This week, Canadian and U.S. equities markets experienced a historic plunge. This decrease was due to increasing concerns over the effects of the developing U.S.-Iran conflict, and how it would affect interest rates. That made it hard to escape the pitchforks, and investors took up a risk-off stance overall, resulting in a broad-based sell-off. The April gold contract dropped by US$30.80, closing at US$4,574.90 an ounce, underscoring market turbulence during geopolitical turmoil.
Oil prices too have bounced up and down dramatically. The impact was immediate, with the benchmark Brent crude surging dramatically and climbing from about US$70 per barrel at the start of the conflict up to a peak of US$119.50 earlier this week. Even in the face of such market instability, the May crude oil contract jumped US$2.68. It even climbed to US$98.23 per barrel, fueled by continued worries about supply disruptions and inflationary pressures.
Dustin Reid Vice president and chief strategist, fixed income Mackenzie Investments He noted that markets are reacting very negatively to the prospect of higher energy prices and inflation. You’re seeing…” He continued: “You’re starting to see pricing for central bank hikes forcing more and more in that direction. So it’s wreaking a lot of havoc on all asset classes naturally, and equities are no different.”

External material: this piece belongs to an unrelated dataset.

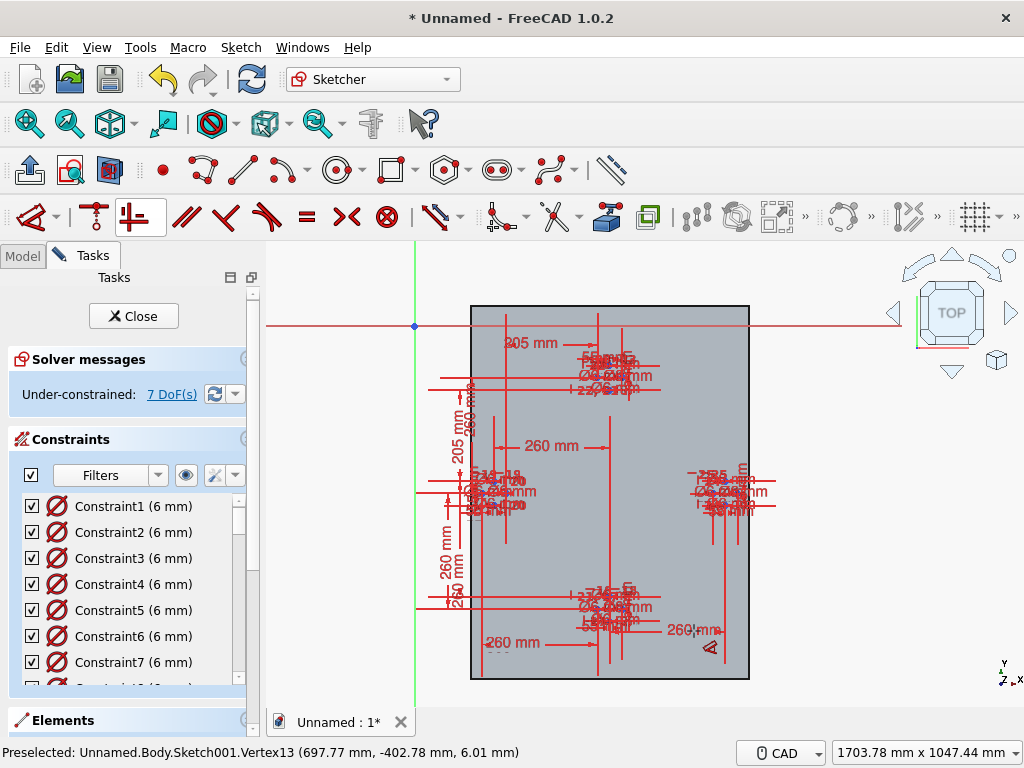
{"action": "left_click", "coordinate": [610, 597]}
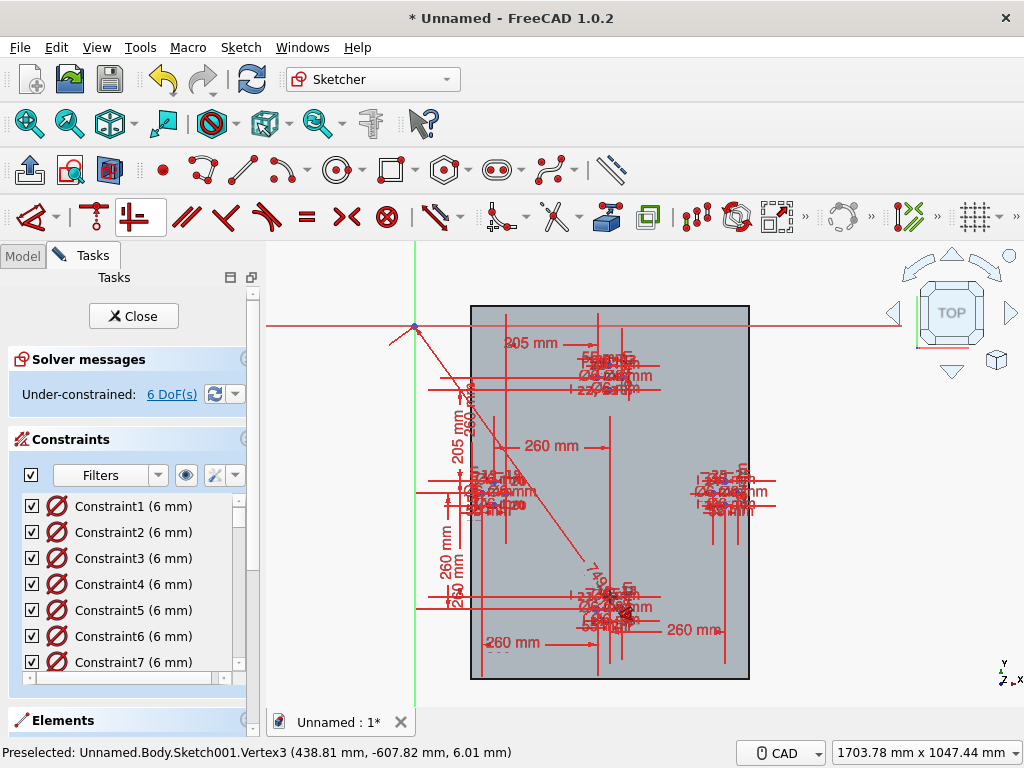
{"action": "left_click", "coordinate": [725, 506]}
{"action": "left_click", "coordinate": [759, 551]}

Almost all sectors of the Canadian equity market posted negative returns, with basic materials serving as the biggest weight. The loonie made modest gains today. It closed at 72.90 cents US, a slight gain from 72.84 cents US on Tuesday.
Reid emphasized that, considering what’s going on, the loonie has performed exceptionally well. “The Canadian dollar has maybe not surprisingly done OK, better than OK over the last couple of weeks, keeping pace with the U.S. dollar broadly that has seen a pretty significant amount of safe haven flows,” he remarked.
Fingers crossed, just like history shows, stock markets have always returned strongly after wars in the Middle East and elsewhere. This resilience usually survives, provided oil prices don’t remain persistently high for too long. The last one was strongly underscored by Reid. He warned that continued stabilization of Brent crude prices at or above US$120 per barrel might change market perceptions. “I do think that if we are at US$120 a barrel in Brent for a number of weeks or a month plus, then we will probably start to move away from this inflation theme and start to move towards (questions about) what does it mean for global growth, what does it mean for corporate earnings … so it’ll be a different macro trading environment at that point,” he explained.